Top to bottom, give the entries again exactly as written.

*** Begin section ***

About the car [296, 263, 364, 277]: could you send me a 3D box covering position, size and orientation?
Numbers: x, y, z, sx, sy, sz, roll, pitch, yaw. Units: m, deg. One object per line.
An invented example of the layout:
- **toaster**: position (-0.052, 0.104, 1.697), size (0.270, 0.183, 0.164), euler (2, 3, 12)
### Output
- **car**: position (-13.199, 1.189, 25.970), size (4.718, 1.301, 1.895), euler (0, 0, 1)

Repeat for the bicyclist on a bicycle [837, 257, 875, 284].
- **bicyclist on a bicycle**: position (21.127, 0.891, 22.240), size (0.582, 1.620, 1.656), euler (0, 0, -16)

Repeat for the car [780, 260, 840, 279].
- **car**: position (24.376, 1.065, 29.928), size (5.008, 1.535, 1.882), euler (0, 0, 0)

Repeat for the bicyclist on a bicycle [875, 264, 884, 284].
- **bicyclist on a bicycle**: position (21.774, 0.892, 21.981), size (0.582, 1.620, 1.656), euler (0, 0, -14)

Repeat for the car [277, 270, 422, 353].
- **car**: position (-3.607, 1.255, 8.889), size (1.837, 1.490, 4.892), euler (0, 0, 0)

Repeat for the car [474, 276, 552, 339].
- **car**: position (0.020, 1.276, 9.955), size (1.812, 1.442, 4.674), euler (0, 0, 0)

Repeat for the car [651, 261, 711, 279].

*** End section ***

#### [Answer section]
About the car [296, 263, 364, 277]: could you send me a 3D box covering position, size and orientation?
Numbers: x, y, z, sx, sy, sz, roll, pitch, yaw. Units: m, deg. One object per line.
An invented example of the layout:
- **toaster**: position (-0.052, 0.104, 1.697), size (0.270, 0.183, 0.164), euler (2, 3, 12)
### Output
- **car**: position (-13.199, 1.189, 25.970), size (4.718, 1.301, 1.895), euler (0, 0, 1)

Repeat for the bicyclist on a bicycle [837, 257, 875, 284].
- **bicyclist on a bicycle**: position (21.127, 0.891, 22.240), size (0.582, 1.620, 1.656), euler (0, 0, -16)

Repeat for the car [780, 260, 840, 279].
- **car**: position (24.376, 1.065, 29.928), size (5.008, 1.535, 1.882), euler (0, 0, 0)

Repeat for the bicyclist on a bicycle [875, 264, 884, 284].
- **bicyclist on a bicycle**: position (21.774, 0.892, 21.981), size (0.582, 1.620, 1.656), euler (0, 0, -14)

Repeat for the car [277, 270, 422, 353].
- **car**: position (-3.607, 1.255, 8.889), size (1.837, 1.490, 4.892), euler (0, 0, 0)

Repeat for the car [474, 276, 552, 339].
- **car**: position (0.020, 1.276, 9.955), size (1.812, 1.442, 4.674), euler (0, 0, 0)

Repeat for the car [651, 261, 711, 279].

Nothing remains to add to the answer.